Вошел поэт, пожал руки обоим и неуверенно поглядел на постель. Потом решительно подошел ближе и стал смотреть на покойника, серьезно, но с каким-то презрительным подергиванием губ. Значит, он, твердил голос у него в душе. Ибо его давно уже занимала мысль о том, кому из знакомых суждено отправиться первым в свой последний путь.
Вошла экономка. С глазами полными слез она опустилась на колени возле постели, заплакала и молитвенно сложила ладони. Поэт, легко и утешающе, опустил руку ей на плечо.
Коммерсант и врач стояли у окна, вдыхая влажный весенний воздух.
— Как-то странно, — сказал коммерсант, — что он послал за всеми нами. Неужели он хотел видеть нас у своего смертного одра? Или, может быть, желал сообщить нам что-нибудь важное?
— Что касается меня, — сказал доктор со скорбной улыбкой, — то тут не было ничего удивительного, я же врач. А вы, — обратился он к коммерсанту, — вы выступали иногда в качестве консультанта. Может быть, он хотел передать лично вам свои последние распоряжения.
— Может быть, — сказал коммерсант.
Экономка вышла, и друзья слышали, как она разговаривает в передней со слугой. Поэт все еще стоял у постели и вел таинственный диалог с усопшим.
— Кажется, — тихо сказал коммерсант врачу, — кажется, он чаще бывал с ним в последнее время. Может быть, он объяснит нам, в чем тут дело.
Поэт стоял, не двигаясь, заложив за спину руки, в которых держал широкополую серую шляпу. Взгляд его сверлил закрытые глаза покойника. Господа начали проявлять нетерпение. Коммерсант подошел к поэту и кашлянул.
— Три дня тому назад, — выговорил поэт, — мы гуляли с ним целых два часа, за городом, на виноградниках. Вы хотите знать, о чем он говорил? О поездке в Швецию, куда собирался отправиться летом, о новом альбоме Рембрандта, вышедшем сейчас у Ватсона в Лондоне, и, наконец, о Сантос-Дюмоне [48]. Говоря об управлении воздушными кораблями, он приводил множество математически-физических доводов, которые я не совсем понял. Право же, он не думал о смерти. Вероятно, все мы в определенном возрасте опять перестаем думать о ней.

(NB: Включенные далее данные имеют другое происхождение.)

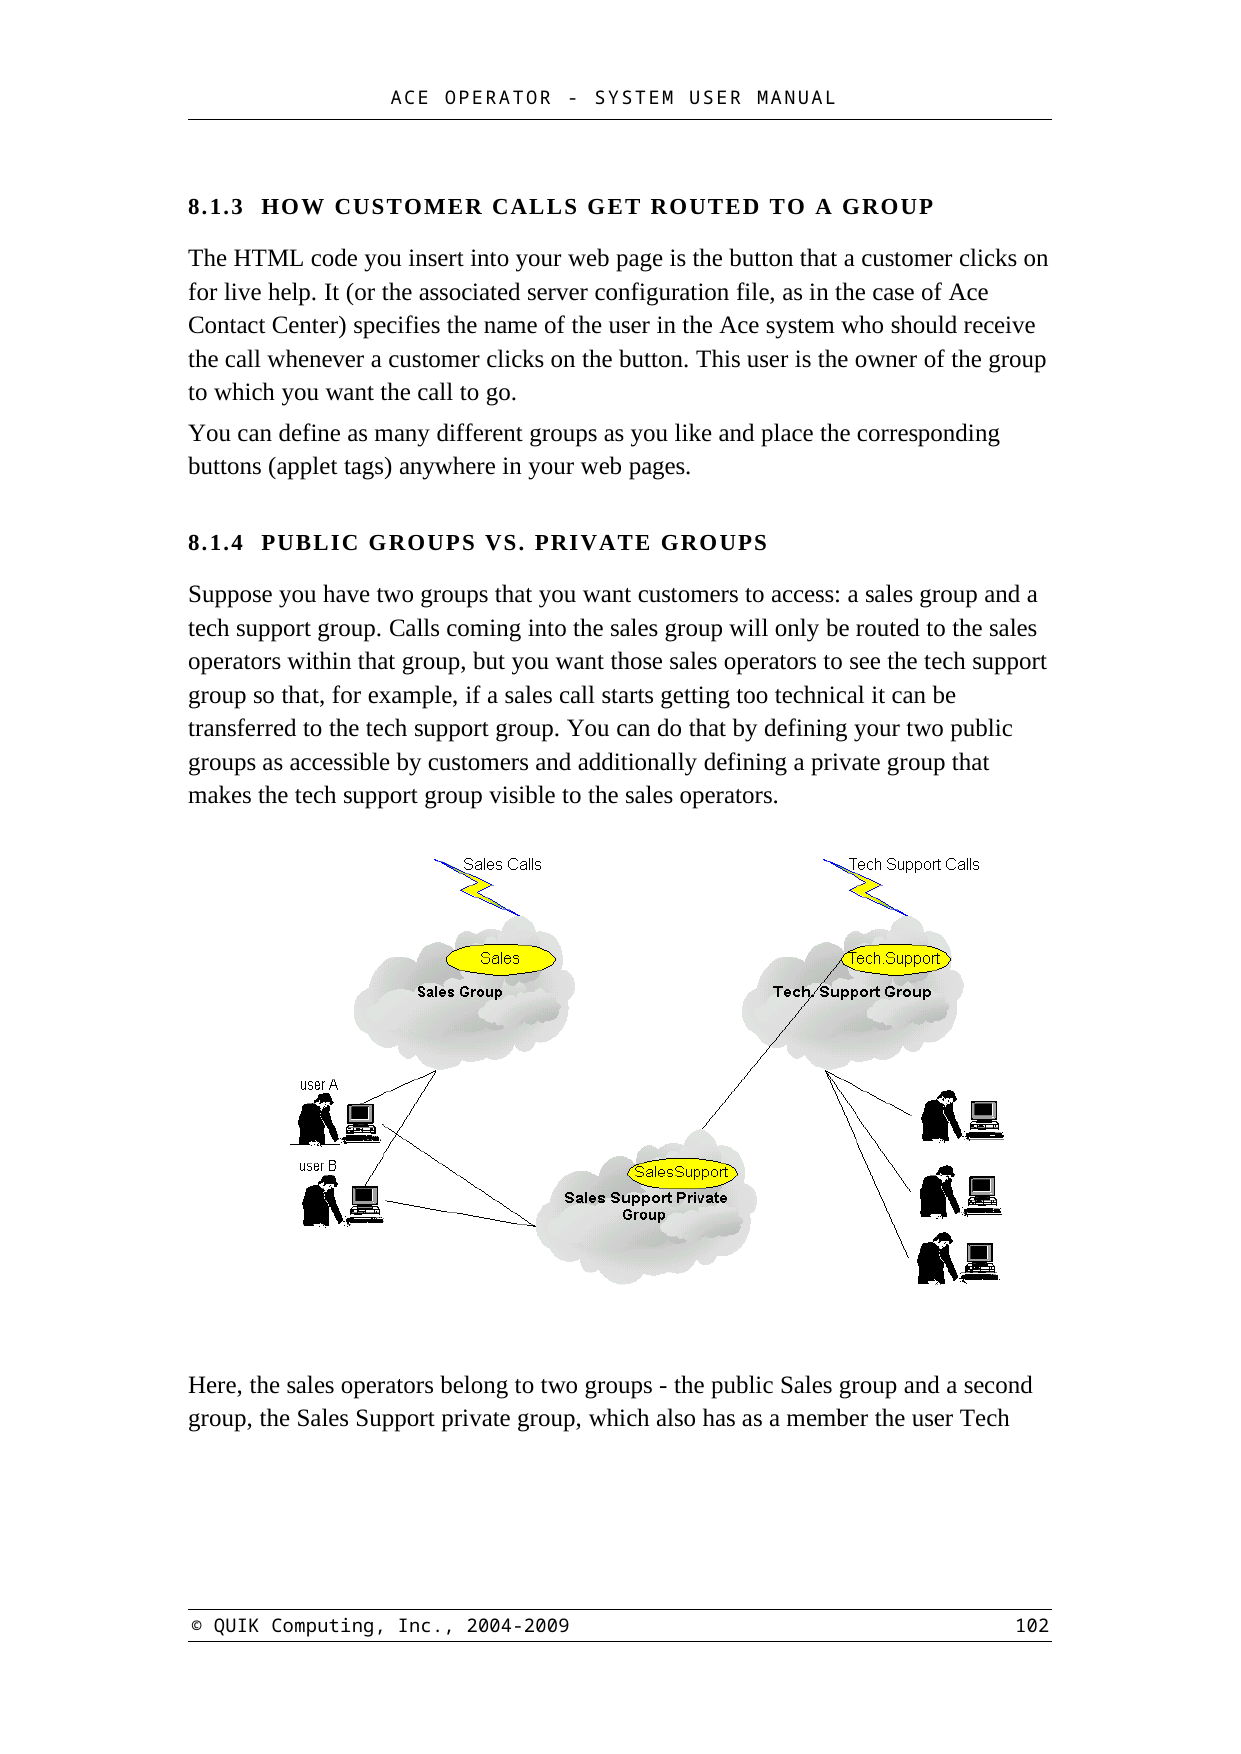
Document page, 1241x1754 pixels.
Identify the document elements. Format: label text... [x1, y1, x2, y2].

subtitle How Customer Calls Get Routed to a Group [188, 194, 1052, 219]
picture [226, 850, 1014, 1285]
text The HTML code you insert into your web page is the button that a customer clicks on for live help. It (or the associated server configuration file, as in the case of Ace Contact Center) specifies the name of the user in the Ace system who should receive the call whenever a customer clicks on the button. This user is the owner of the group to which you want the call to go. [188, 244, 1052, 406]
text Suppose you have two groups that you want customers to access: a sales group and a tech support group. Calls coming into the sales group will only be routed to the sales operators within that group, but you want those sales operators to see the tech support group so that, for example, if a sales call starts getting too technical it can be transferred to the tech support group. You can do that by defining your two public groups as accessible by customers and additionally defining a private group that makes the tech support group visible to the sales operators. [188, 580, 1052, 809]
text You can define as many different groups as you like and place the corresponding buttons (applet tags) anywhere in your web pages. [188, 419, 1052, 480]
subtitle Public Groups vs. Private Groups [188, 530, 1052, 555]
text Here, the sales operators belong to two groups - the public Sales group and a second group, the Sales Support private group, which also has as a member the user Tech [188, 1371, 1052, 1432]
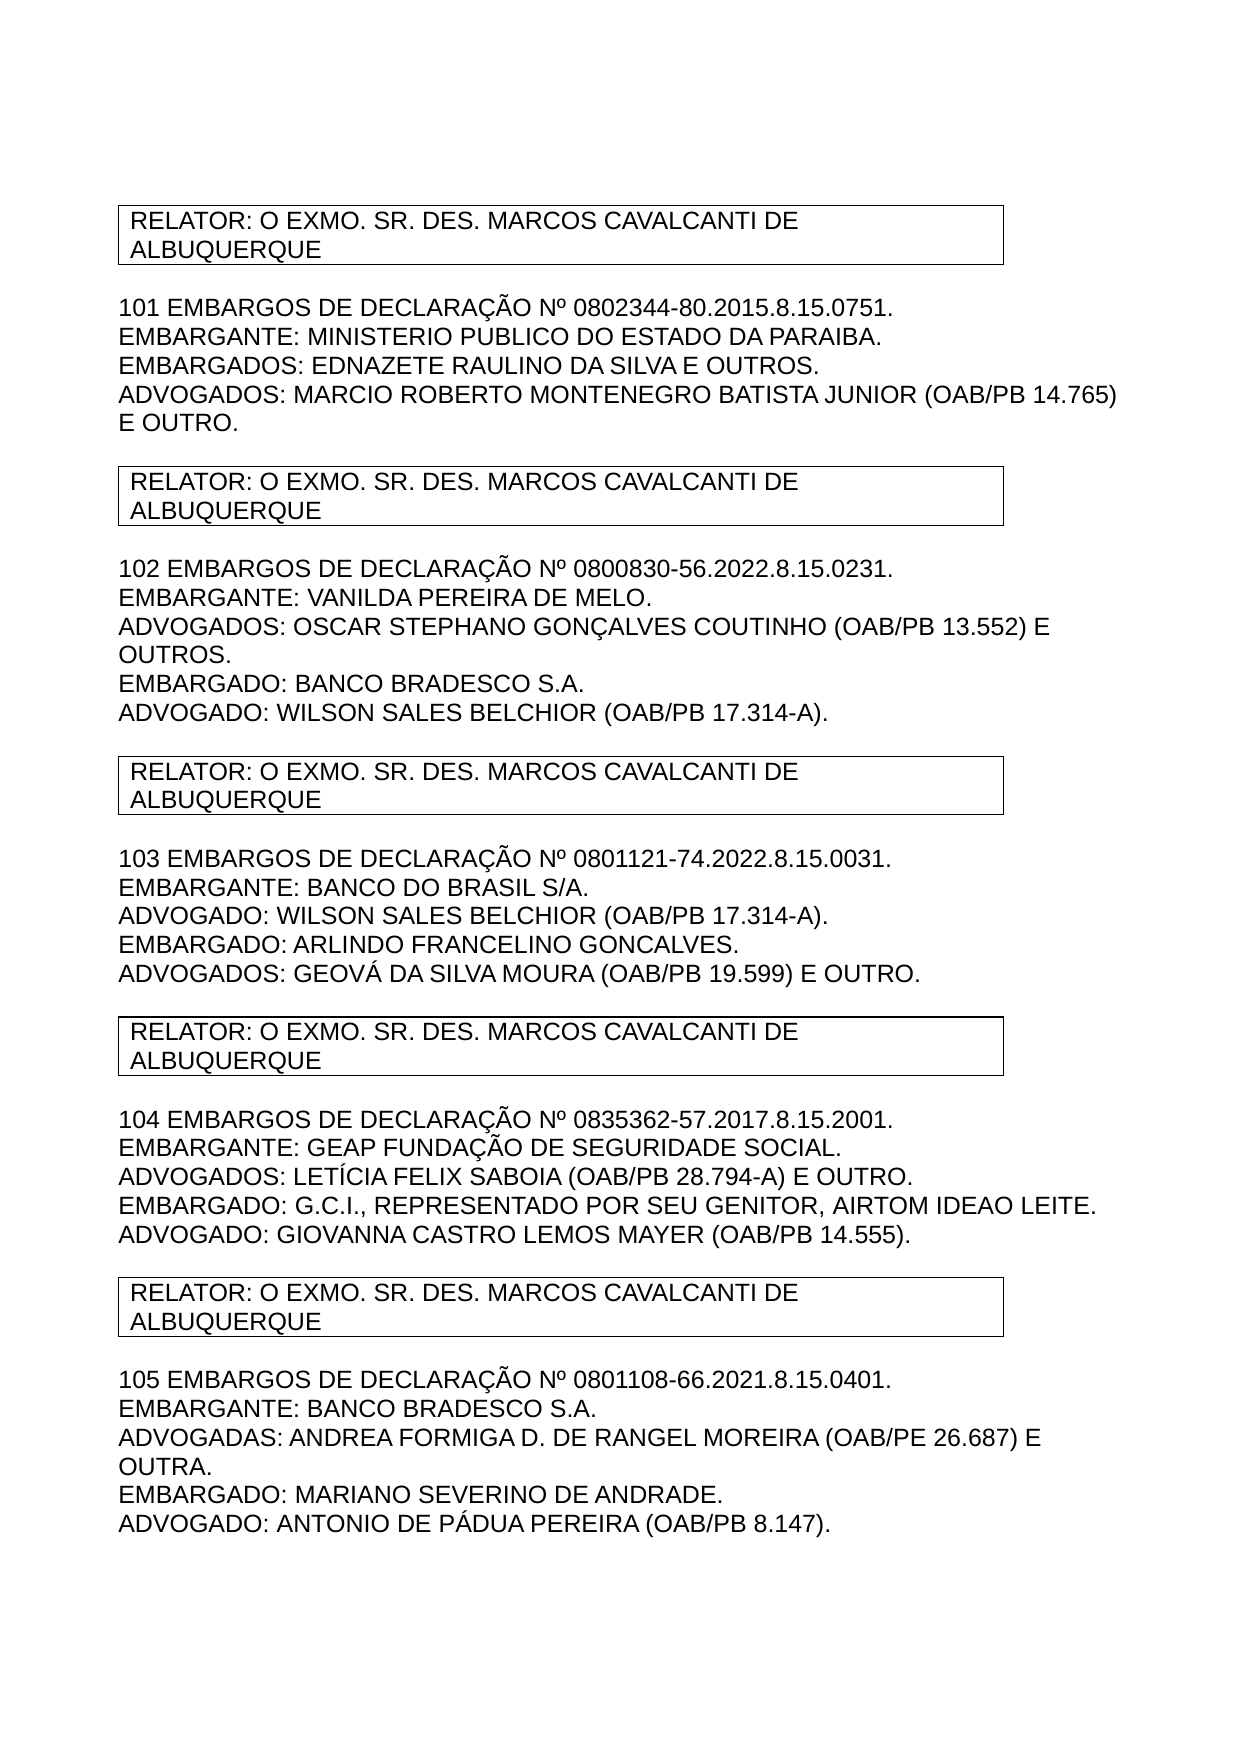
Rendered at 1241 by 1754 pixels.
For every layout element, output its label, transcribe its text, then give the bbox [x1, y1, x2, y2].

table_header RELATOR: O EXMO. SR. DES. MARCOS CAVALCANTI DE ALBUQUERQUE [119, 1278, 1003, 1336]
text ADVOGADOS: MARCIO ROBERTO MONTENEGRO BATISTA JUNIOR (OAB/PB 14.765) E OUTRO. [118, 380, 1122, 437]
table_header RELATOR: O EXMO. SR. DES. MARCOS CAVALCANTI DE ALBUQUERQUE [119, 467, 1003, 524]
text ADVOGADO: GIOVANNA CASTRO LEMOS MAYER (OAB/PB 14.555). [118, 1220, 1122, 1248]
text EMBARGANTE: BANCO BRADESCO S.A. [118, 1394, 1122, 1423]
text 101 EMBARGOS DE DECLARAÇÃO Nº 0802344-80.2015.8.15.0751. [118, 293, 1122, 322]
text 105 EMBARGOS DE DECLARAÇÃO Nº 0801108-66.2021.8.15.0401. [118, 1366, 1122, 1394]
text 102 EMBARGOS DE DECLARAÇÃO Nº 0800830-56.2022.8.15.0231. [118, 554, 1122, 583]
text EMBARGADOS: EDNAZETE RAULINO DA SILVA E OUTROS. [118, 351, 1122, 380]
table_header RELATOR: O EXMO. SR. DES. MARCOS CAVALCANTI DE ALBUQUERQUE [119, 206, 1003, 264]
table_header RELATOR: O EXMO. SR. DES. MARCOS CAVALCANTI DE ALBUQUERQUE [119, 757, 1003, 814]
text ADVOGADOS: LETÍCIA FELIX SABOIA (OAB/PB 28.794-A) E OUTRO. [118, 1162, 1122, 1191]
text ADVOGADO: WILSON SALES BELCHIOR (OAB/PB 17.314-A). [118, 901, 1122, 930]
text EMBARGANTE: GEAP FUNDAÇÃO DE SEGURIDADE SOCIAL. [118, 1133, 1122, 1162]
table_header RELATOR: O EXMO. SR. DES. MARCOS CAVALCANTI DE ALBUQUERQUE [119, 1018, 1003, 1075]
text ADVOGADOS: GEOVÁ DA SILVA MOURA (OAB/PB 19.599) E OUTRO. [118, 959, 1122, 988]
text EMBARGANTE: BANCO DO BRASIL S/A. [118, 873, 1122, 901]
text EMBARGADO: ARLINDO FRANCELINO GONCALVES. [118, 930, 1122, 959]
text ADVOGADO: WILSON SALES BELCHIOR (OAB/PB 17.314-A). [118, 698, 1122, 727]
text EMBARGANTE: MINISTERIO PUBLICO DO ESTADO DA PARAIBA. [118, 322, 1122, 351]
text ADVOGADO: ANTONIO DE PÁDUA PEREIRA (OAB/PB 8.147). [118, 1509, 1122, 1538]
text ADVOGADOS: OSCAR STEPHANO GONÇALVES COUTINHO (OAB/PB 13.552) E OUTROS. [118, 612, 1122, 669]
text EMBARGADO: BANCO BRADESCO S.A. [118, 669, 1122, 698]
text EMBARGADO: MARIANO SEVERINO DE ANDRADE. [118, 1481, 1122, 1509]
text EMBARGANTE: VANILDA PEREIRA DE MELO. [118, 583, 1122, 612]
text 103 EMBARGOS DE DECLARAÇÃO Nº 0801121-74.2022.8.15.0031. [118, 844, 1122, 873]
text ADVOGADAS: ANDREA FORMIGA D. DE RANGEL MOREIRA (OAB/PE 26.687) E OUTRA. [118, 1423, 1122, 1481]
text 104 EMBARGOS DE DECLARAÇÃO Nº 0835362-57.2017.8.15.2001. [118, 1105, 1122, 1133]
text EMBARGADO: G.C.I., REPRESENTADO POR SEU GENITOR, AIRTOM IDEAO LEITE. [118, 1191, 1122, 1220]
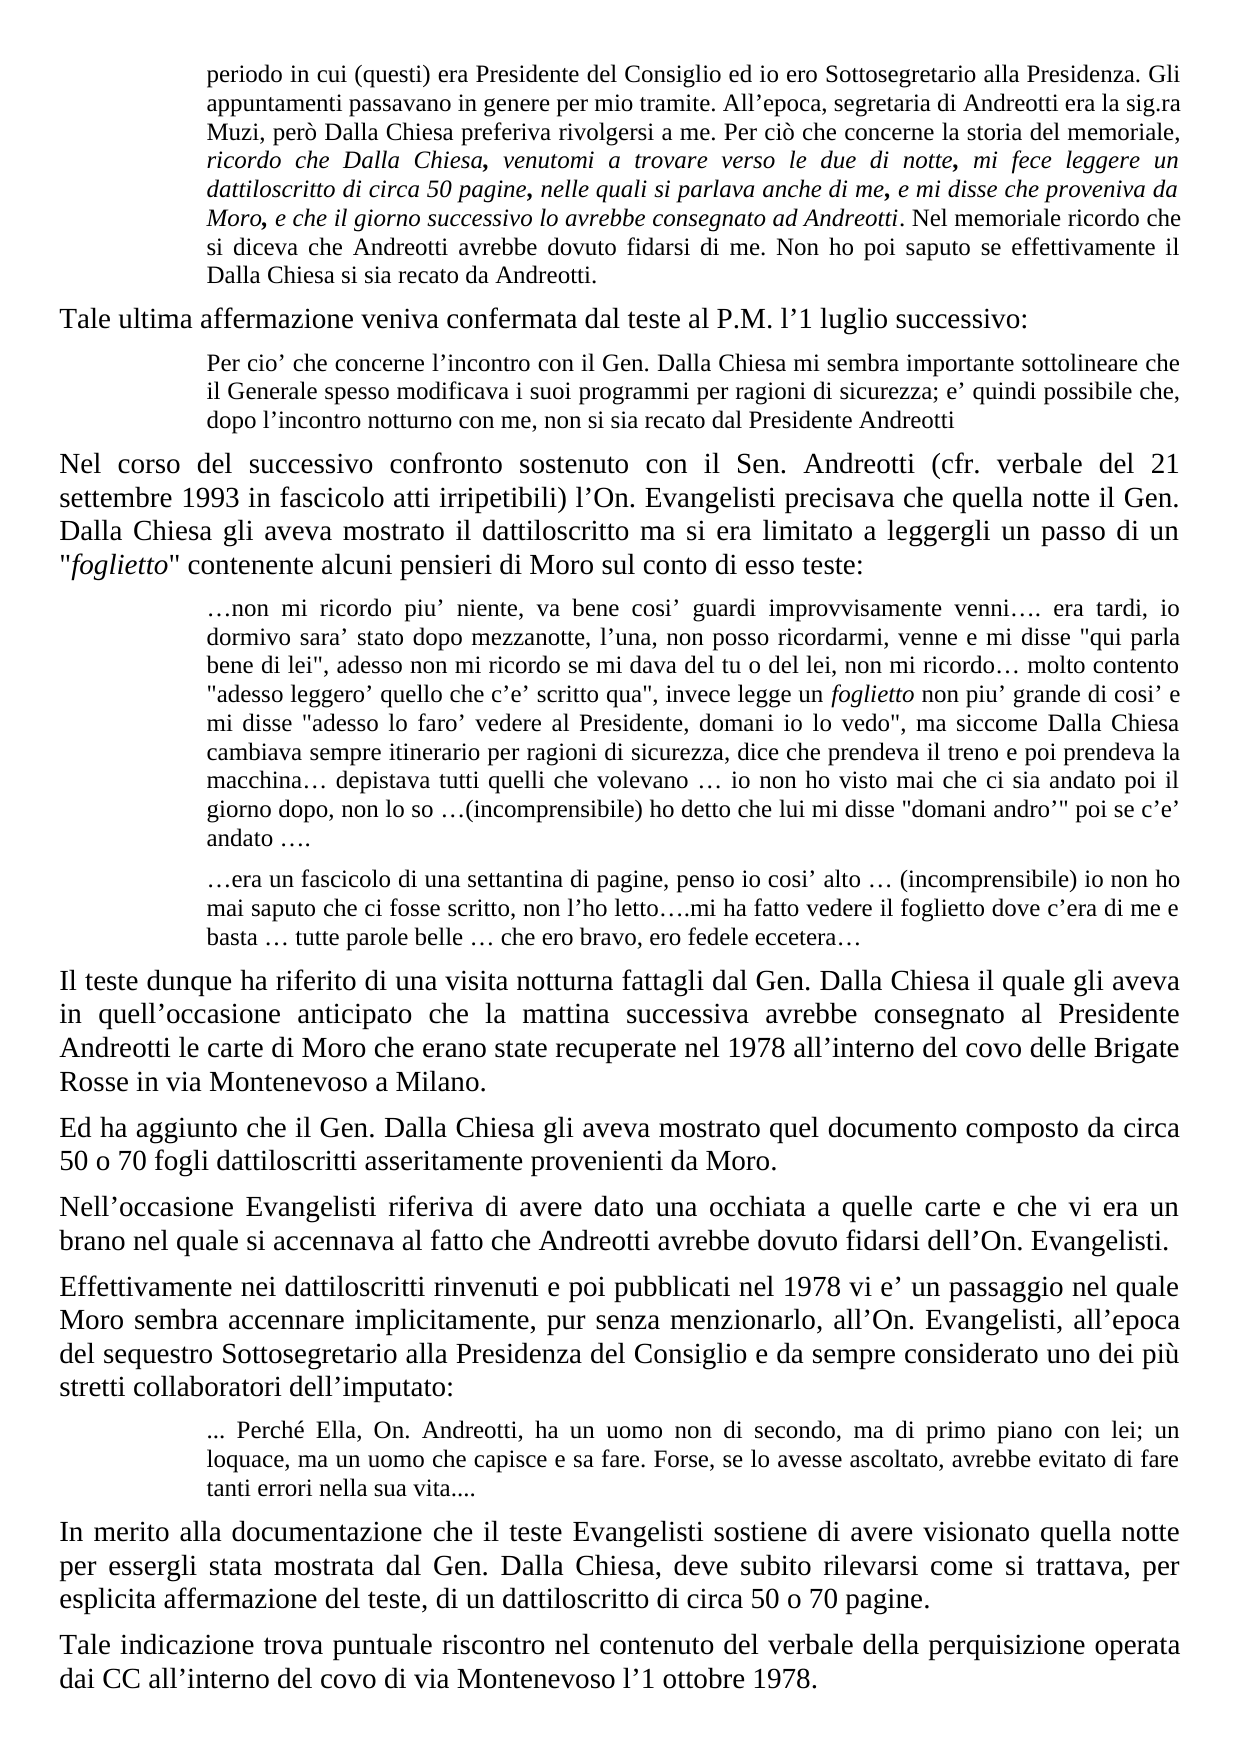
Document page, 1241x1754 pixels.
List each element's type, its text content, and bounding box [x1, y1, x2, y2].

text Nel corso del successivo confronto sostenuto con il Sen. Andreotti (cfr. verbale del 21 settembre 1993 in fascicolo atti irripetibili) l’On. Evangelisti precisava che quella notte il Gen. Dalla Chiesa gli aveva mostrato il dattiloscritto ma si era limitato a leggergli un passo di un "foglietto" contenente alcuni pensieri di Moro sul conto di esso teste: [59, 446, 1181, 581]
text In merito alla documentazione che il teste Evangelisti sostiene di avere visionato quella notte per essergli stata mostrata dal Gen. Dalla Chiesa, deve subito rilevarsi come si trattava, per esplicita affermazione del teste, di un dattiloscritto di circa 50 o 70 pagine. [59, 1514, 1181, 1615]
text Per cio’ che concerne l’incontro con il Gen. Dalla Chiesa mi sembra importante sottolineare che il Generale spesso modificava i suoi programmi per ragioni di sicurezza; e’ quindi possibile che, dopo l’incontro notturno con me, non si sia recato dal Presidente Andreotti [206, 348, 1181, 434]
text Effettivamente nei dattiloscritti rinvenuti e poi pubblicati nel 1978 vi e’ un passaggio nel quale Moro sembra accennare implicitamente, pur senza menzionarlo, all’On. Evangelisti, all’epoca del sequestro Sottosegretario alla Presidenza del Consiglio e da sempre considerato uno dei più stretti collaboratori dell’imputato: [59, 1269, 1181, 1403]
text ... Perché Ella, On. Andreotti, ha un uomo non di secondo, ma di primo piano con lei; un loquace, ma un uomo che capisce e sa fare. Forse, se lo avesse ascoltato, avrebbe evitato di fare tanti errori nella sua vita.... [206, 1416, 1181, 1502]
text Tale indicazione trova puntuale riscontro nel contenuto del verbale della perquisizione operata dai CC all’interno del covo di via Montenevoso l’1 ottobre 1978. [59, 1627, 1181, 1694]
text periodo in cui (questi) era Presidente del Consiglio ed io ero Sottosegretario alla Presidenza. Gli appuntamenti passavano in genere per mio tramite. All’epoca, segretaria di Andreotti era la sig.ra Muzi, però Dalla Chiesa preferiva rivolgersi a me. Per ciò che concerne la storia del memoriale, ricordo che Dalla Chiesa, venutomi a trovare verso le due di notte, mi fece leggere un dattiloscritto di circa 50 pagine, nelle quali si parlava anche di me, e mi disse che proveniva da Moro, e che il giorno successivo lo avrebbe consegnato ad Andreotti. Nel memoriale ricordo che si diceva che Andreotti avrebbe dovuto fidarsi di me. Non ho poi saputo se effettivamente il Dalla Chiesa si sia recato da Andreotti. [206, 59, 1181, 289]
text Ed ha aggiunto che il Gen. Dalla Chiesa gli aveva mostrato quel documento composto da circa 50 o 70 fogli dattiloscritti asseritamente provenienti da Moro. [59, 1110, 1181, 1177]
text …era un fascicolo di una settantina di pagine, penso io cosi’ alto … (incomprensibile) io non ho mai saputo che ci fosse scritto, non l’ho letto….mi ha fatto vedere il foglietto dove c’era di me e basta … tutte parole belle … che ero bravo, ero fedele eccetera… [206, 864, 1181, 951]
text Nell’occasione Evangelisti riferiva di avere dato una occhiata a quelle carte e che vi era un brano nel quale si accennava al fatto che Andreotti avrebbe dovuto fidarsi dell’On. Evangelisti. [59, 1189, 1181, 1256]
text Il teste dunque ha riferito di una visita notturna fattagli dal Gen. Dalla Chiesa il quale gli aveva in quell’occasione anticipato che la mattina successiva avrebbe consegnato al Presidente Andreotti le carte di Moro che erano state recuperate nel 1978 all’interno del covo delle Brigate Rosse in via Montenevoso a Milano. [59, 963, 1181, 1097]
text Tale ultima affermazione veniva confermata dal teste al P.M. l’1 luglio successivo: [59, 302, 1181, 335]
text …non mi ricordo piu’ niente, va bene cosi’ guardi improvvisamente venni…. era tardi, io dormivo sara’ stato dopo mezzanotte, l’una, non posso ricordarmi, venne e mi disse "qui parla bene di lei", adesso non mi ricordo se mi dava del tu o del lei, non mi ricordo… molto contento "adesso leggero’ quello che c’e’ scritto qua", invece legge un foglietto non piu’ grande di cosi’ e mi disse "adesso lo faro’ vedere al Presidente, domani io lo vedo", ma siccome Dalla Chiesa cambiava sempre itinerario per ragioni di sicurezza, dice che prendeva il treno e poi prendeva la macchina… depistava tutti quelli che volevano … io non ho visto mai che ci sia andato poi il giorno dopo, non lo so …(incomprensibile) ho detto che lui mi disse "domani andro’" poi se c’e’ andato …. [206, 593, 1181, 852]

Врач вышел в соседнюю комнату. Здесь он мог разрешить себе закурить. Странное, даже жуткое чувство охватило его, когда в бронзовой пепельнице на письменном столе он увидел белый пепел. «Почему, в сущности, я еще здесь? — подумал он, опускаясь в кресло перед столом. — У меня больше права уйти, чем у других, я ведь вызван, конечно, только как врач. Мы с ним были вовсе не так уж дружны. В мои годы, — продолжал он размышлять, — с моим складом характера, вообще невозможно дружить с человеком, у которого нет никакой профессии, да и не было никогда. Не будь он богат, что стал бы он делать? Вероятно, сочинительствовать. Он ведь был очень остроумен». И врач припомнил несколько злобных и метких замечаний холостяка, особенно касающихся произведений их общего друга, поэта.
48
Сантос-Дюмон Альберто (1873–1932) — один из основоположников воздухоплавания и авиации. В 1901 г. совершил полет вокруг Эйфелевой башни на аэростате собственного изобретения. В дальнейшем принимал участие в проектировании первых самолетов.